2.1- Internet connection

An Internet connection is required in order to access and download the multilingual documents from targeted websites. Given that Bitextor only downloads text-based documents, which are rather small, and due to the fact that Internet crawlers supported apply a waiting time between requests to servers, there is no need to specify a minimum Internet connection.

2.2- Machine translation engine

For document alignment, it is possible to use two alternative modules: one that uses machine translation (MT) and one that uses bilingual lexica. If one wants to use the former document-alignment method, it is necessary to have an MT system ready to be used for the target language pair. Note that any corpus-based MT systems may have specific computational requirements, such as large storage for the translation models or availability of GPUs.

Note that this is not actually a requirement since that, as already mentioned, Bitextor implements a second document aligner that uses bilingual dictionaries. This second method is slightly lighter and requires less running time and memory.

2.3- Parallelisation

Bitextor is a pipeline implemented using the snakemake workflow management system. Snakemake is a make-like system that connects tasks in such a way that the output of each stage of the pipeline is used as as the input of the next one. Snakemake takes care of organising processing steps in the adequate order by building and subsequently traversing a directed acyclic graph (DAG). This also allows to parallelise the pipeline by running tasks that are not interdependent such as, for example, the situation in which more than one website is being processed at the same time.

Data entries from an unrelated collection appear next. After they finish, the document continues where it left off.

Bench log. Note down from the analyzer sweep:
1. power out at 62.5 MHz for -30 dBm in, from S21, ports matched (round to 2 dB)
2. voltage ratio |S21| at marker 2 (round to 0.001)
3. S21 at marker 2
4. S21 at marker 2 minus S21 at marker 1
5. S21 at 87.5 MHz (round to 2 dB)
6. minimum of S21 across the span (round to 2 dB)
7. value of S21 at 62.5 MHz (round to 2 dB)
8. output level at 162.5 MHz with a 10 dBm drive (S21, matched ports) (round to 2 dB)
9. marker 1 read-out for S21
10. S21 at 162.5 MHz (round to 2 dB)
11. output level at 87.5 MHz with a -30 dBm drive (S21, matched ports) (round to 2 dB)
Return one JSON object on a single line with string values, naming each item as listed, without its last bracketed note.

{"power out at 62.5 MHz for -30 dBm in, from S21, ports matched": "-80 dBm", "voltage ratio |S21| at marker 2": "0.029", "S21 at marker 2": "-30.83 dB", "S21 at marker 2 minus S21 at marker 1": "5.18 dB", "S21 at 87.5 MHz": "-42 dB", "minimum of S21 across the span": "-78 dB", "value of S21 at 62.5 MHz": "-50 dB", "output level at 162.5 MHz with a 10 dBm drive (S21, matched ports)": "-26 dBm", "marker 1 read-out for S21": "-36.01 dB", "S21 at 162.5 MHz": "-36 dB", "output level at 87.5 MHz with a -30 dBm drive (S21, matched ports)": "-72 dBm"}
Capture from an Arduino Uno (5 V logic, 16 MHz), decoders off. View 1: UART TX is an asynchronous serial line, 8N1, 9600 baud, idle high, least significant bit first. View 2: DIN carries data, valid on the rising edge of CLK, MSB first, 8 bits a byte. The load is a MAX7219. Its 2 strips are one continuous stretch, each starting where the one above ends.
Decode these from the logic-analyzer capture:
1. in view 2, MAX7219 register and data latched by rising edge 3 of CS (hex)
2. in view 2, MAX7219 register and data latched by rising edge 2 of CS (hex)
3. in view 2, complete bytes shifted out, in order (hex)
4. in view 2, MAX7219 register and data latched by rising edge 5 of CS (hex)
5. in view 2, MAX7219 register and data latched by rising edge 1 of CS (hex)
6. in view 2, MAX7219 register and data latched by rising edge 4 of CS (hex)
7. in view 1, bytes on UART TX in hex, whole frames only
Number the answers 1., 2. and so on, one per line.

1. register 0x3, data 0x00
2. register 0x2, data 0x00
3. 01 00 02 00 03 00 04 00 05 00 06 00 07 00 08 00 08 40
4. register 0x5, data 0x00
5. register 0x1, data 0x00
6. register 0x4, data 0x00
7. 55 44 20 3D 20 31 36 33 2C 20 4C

It is worth noting that, if more than one website is being processed at the same time, the memory used by the pipeline grows accordingly.

2.4- Storage

All the files produced by Bitextor are compressed with xz). Therefore, the stoarage neede is rather small. At the moment of crawling, it is difficult to estimate the amount of raw data that will be downloaded, given that it depends on the size of the website crawled (unless a size or time limit is set). However, once the raw data is downloaded, the worst-case estimation is that the remaining temporary and output files will require three times as much space in the disk. That is, if 1 GB is crawled from a website, it will be necessary to have 3 GB more available.

2.5- Translation units de-duplication

One of the few steps that cannot be run independently for each document is translation units de-duplication, as it can only be run once the while corpus has been aligned at the segment level.

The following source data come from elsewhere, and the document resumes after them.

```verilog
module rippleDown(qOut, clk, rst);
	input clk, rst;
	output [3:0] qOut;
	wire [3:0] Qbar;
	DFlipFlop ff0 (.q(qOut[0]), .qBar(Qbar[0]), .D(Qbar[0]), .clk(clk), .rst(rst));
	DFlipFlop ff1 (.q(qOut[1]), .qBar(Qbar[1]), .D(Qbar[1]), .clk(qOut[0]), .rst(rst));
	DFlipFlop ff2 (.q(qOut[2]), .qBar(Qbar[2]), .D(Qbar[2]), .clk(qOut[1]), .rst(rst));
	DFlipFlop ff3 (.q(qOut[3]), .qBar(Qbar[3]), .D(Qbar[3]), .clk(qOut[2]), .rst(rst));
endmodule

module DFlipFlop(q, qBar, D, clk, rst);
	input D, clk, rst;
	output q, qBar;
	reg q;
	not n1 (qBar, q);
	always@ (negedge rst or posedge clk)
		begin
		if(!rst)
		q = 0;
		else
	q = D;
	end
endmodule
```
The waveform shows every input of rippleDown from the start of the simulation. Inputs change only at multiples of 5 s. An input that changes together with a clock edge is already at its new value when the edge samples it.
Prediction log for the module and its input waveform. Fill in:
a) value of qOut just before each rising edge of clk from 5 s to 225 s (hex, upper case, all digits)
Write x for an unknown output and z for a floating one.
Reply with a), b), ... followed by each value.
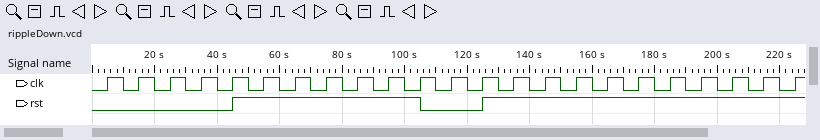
a) 0, 0, 0, 0, 0, F, E, D, C, B, A, 0, 0, F, E, D, C, B, A, 9, 8, 7, 6
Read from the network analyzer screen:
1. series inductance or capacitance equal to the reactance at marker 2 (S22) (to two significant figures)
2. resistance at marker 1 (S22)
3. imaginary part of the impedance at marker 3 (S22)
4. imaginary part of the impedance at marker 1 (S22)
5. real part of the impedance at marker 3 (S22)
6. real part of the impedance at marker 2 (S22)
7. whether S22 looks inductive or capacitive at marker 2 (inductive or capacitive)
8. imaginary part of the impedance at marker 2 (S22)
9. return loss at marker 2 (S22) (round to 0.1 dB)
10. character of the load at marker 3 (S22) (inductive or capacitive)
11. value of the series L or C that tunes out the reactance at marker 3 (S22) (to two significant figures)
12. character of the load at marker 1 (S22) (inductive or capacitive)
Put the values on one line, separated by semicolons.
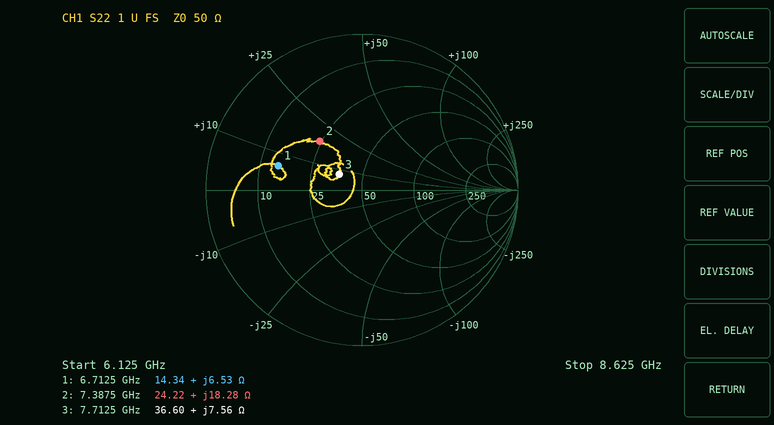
390 pH; 14.34 Ω; +7.56 Ω; +6.53 Ω; 36.60 Ω; 24.22 Ω; inductive; +18.28 Ω; 7.7 dB; inductive; 2.7 pF; inductive
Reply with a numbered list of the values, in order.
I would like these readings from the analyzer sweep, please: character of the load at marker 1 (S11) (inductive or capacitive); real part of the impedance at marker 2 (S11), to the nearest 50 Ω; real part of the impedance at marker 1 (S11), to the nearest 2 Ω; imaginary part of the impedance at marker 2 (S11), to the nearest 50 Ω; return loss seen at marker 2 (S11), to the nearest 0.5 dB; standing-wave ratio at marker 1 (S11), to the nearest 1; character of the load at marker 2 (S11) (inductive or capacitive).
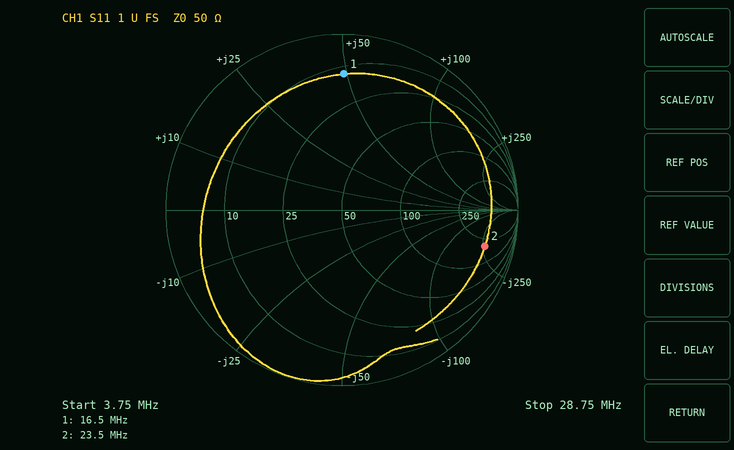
1. inductive
2. 200 Ω
3. 12 Ω
4. -250 Ω
5. 1.5 dB
6. 8
7. capacitive
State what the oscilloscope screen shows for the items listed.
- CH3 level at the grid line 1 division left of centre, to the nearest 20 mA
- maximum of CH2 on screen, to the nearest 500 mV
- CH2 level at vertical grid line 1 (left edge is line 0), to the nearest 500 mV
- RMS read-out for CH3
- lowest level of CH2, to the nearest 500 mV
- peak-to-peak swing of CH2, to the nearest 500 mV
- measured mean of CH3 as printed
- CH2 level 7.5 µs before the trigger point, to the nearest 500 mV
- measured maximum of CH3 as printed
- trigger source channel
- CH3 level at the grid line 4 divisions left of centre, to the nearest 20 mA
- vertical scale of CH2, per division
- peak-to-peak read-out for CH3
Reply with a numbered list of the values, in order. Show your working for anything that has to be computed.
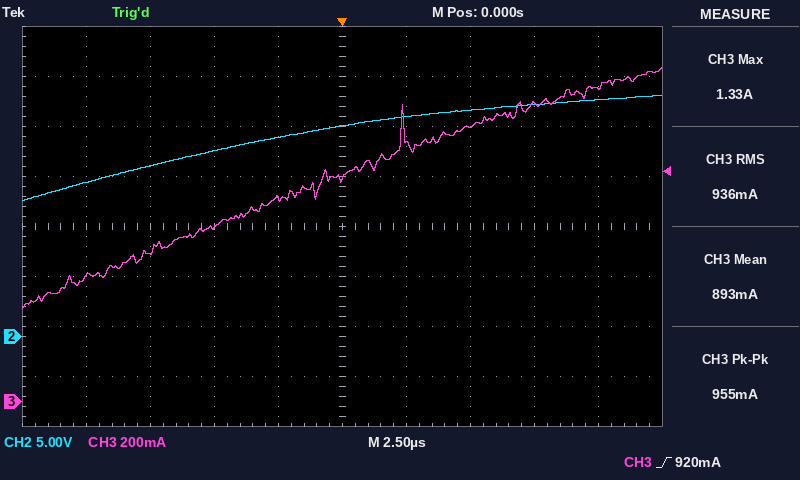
1. 820 mA
2. 24.0 V
3. 15.5 V
4. 936 mA
5. 13.5 V
6. 24.0 V − (13.5 V) = 10.5 V
7. 893 mA
8. 17.0 V
9. 1.33 A
10. CH3
11. 500 mA
12. 5 V
13. 955 mA

De-duplication consists in discarding repeated translation units, keeping the URLs of the documents where they originally appeared. Therefore, the output of this process is a list of segment pairs and, for each of them, a list of URL pairs. For such process, two possible strategies can be taken: * sorting the list of translation units (to group those that are repeated), and then process the list linearly discarding repetitions while keeping the URLs, or * storing the whole list in a hashmap in memory to identify repeated translation units.

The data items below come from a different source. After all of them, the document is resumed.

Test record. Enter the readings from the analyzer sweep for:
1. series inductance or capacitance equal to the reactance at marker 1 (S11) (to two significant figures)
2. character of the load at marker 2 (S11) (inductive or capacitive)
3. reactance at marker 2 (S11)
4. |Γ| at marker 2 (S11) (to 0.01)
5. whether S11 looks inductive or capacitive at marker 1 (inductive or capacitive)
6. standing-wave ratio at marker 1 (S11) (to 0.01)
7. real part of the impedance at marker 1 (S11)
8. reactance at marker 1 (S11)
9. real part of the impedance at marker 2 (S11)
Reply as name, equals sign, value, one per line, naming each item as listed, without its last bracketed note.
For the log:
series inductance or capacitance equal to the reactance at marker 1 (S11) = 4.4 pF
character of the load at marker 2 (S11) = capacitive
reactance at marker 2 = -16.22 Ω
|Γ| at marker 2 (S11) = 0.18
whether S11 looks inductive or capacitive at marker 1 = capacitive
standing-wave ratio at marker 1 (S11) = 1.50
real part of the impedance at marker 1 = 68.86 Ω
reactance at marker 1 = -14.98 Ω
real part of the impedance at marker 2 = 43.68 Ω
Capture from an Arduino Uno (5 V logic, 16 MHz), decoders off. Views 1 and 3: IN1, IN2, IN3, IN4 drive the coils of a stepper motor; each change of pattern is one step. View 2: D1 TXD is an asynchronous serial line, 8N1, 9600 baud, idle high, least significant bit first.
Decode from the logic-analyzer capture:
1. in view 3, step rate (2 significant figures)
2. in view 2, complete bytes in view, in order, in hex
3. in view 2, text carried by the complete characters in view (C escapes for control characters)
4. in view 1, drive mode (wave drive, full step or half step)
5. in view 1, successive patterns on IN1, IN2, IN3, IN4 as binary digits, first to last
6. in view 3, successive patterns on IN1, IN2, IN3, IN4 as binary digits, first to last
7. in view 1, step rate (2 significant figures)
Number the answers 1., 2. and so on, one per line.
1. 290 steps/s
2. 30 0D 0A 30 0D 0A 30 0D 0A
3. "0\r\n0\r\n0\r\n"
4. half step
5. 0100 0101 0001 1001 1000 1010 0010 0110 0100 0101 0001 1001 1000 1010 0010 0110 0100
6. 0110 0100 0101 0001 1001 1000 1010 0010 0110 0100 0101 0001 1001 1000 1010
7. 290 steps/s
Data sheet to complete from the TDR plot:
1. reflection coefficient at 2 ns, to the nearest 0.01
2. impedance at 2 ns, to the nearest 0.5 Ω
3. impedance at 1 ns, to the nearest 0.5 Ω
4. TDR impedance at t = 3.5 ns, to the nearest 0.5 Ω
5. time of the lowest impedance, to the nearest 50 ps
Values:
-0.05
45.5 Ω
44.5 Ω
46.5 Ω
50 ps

Even though option 2 is faster, the translation memory processed may be too large to store all the translation units in memory. In that case, option 1 would be the best choice, only requiring twice the size of disk space available. If this strategy is used, it is worth noting that the I/O speed of the disk in this process will strongly affect the time required to perform the task.

Finally, it is worth noting that this is an optional step, even though it is advisable as it reduces the size of the resulting translation memories.